** Opening Input material block **

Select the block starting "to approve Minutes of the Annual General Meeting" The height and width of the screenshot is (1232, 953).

** Closing Input material block **
** Opening Input material block **

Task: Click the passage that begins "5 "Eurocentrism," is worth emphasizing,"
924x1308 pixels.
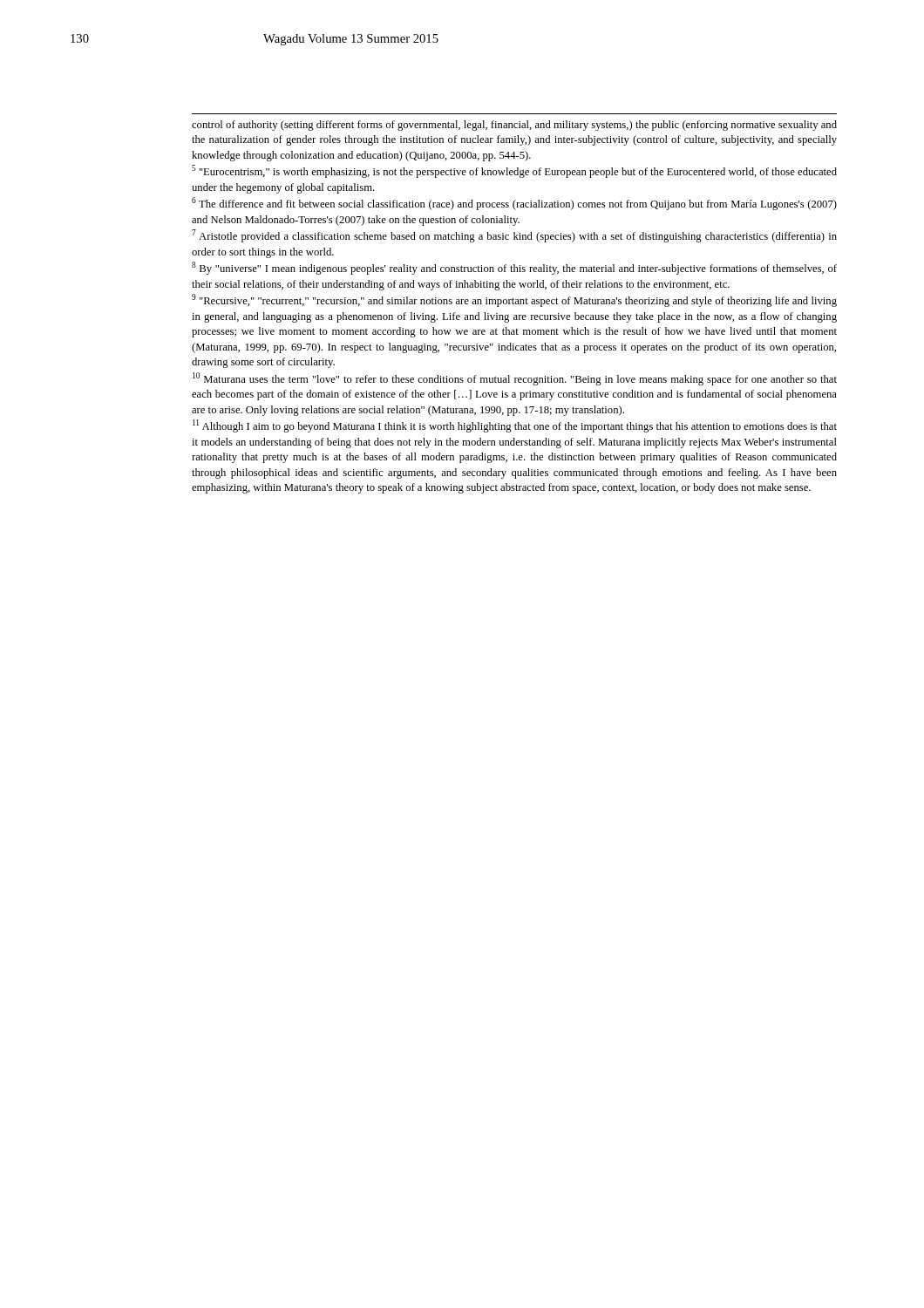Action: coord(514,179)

** Closing Input material block **
** Opening Input material block **

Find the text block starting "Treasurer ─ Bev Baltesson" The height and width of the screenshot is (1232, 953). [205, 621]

** Closing Input material block **

• **Task statement**
Wherever a line of the listing above contains the string "screenshot", copy that line.

• **Exercise result**
Select the block starting "to approve Minutes of the Annual General Meeting" The height and width of the screenshot is (1232, 953).
Find the text block starting "Treasurer ─ Bev Baltesson" The height and width of the screenshot is (1232, 953). [205, 621]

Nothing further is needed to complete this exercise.